Jin Zewei, Li Qiang, Zhu Maoshuai, Zhang Yanqiong, Yan Xufei, Zhou Xiangge
College of Chemistry, Sichuan University 29 Wangjiang Road Chengdu 610064 P. R. China
West China School of Public Health and West China Fourth Hospital, Sichuan University Chengdu 610041 P. R. China
RSC Adv. 2025 Mar 11;15(10):7826-7831. doi: 10.1039/d5ra00357a. eCollection 2025 Mar 6.
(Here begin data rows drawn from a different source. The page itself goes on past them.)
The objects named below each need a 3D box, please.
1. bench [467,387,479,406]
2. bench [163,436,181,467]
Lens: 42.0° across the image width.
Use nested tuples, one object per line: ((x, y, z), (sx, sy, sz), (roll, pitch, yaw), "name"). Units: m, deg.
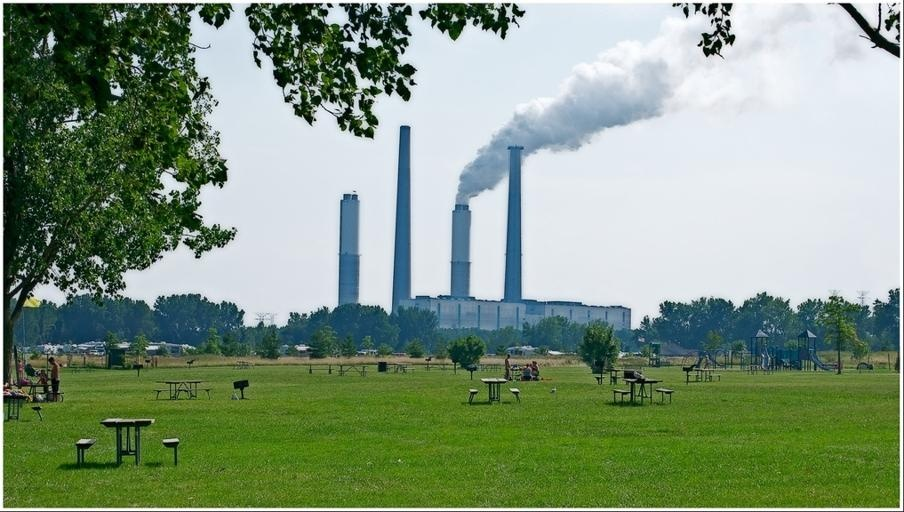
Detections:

In the current work, a palladium-catalyzed C-C bond cleavage reaction of primary alcohols has been developed. This transformation was characterized by a broad substrate scope, superior functional group tolerance, and high efficiency for selective C-C bond cleavage and was then followed by alkynyl-aryl cross coupling. Mechanism studies indicated that the propargyl alcohols underwent β-H elimination to form aldehydes rather than having undergone β-C elimination. The corresponding aldehyde intermediates then proceeded through a decarbonylation and coupling reaction with haloarenes to yield diarylacetylenes.
在当前的工作中,已经开发出一种钯催化的伯醇碳-碳键裂解反应。这种转化具有底物范围广、官能团耐受性好以及选择性碳-碳键裂解效率高的特点,随后进行炔基-芳基交叉偶联。机理研究表明,炔丙醇经历β-H消除形成醛,而不是β-C消除。相应的醛中间体随后通过脱羰反应与卤代芳烃发生偶联反应,生成二芳基乙炔。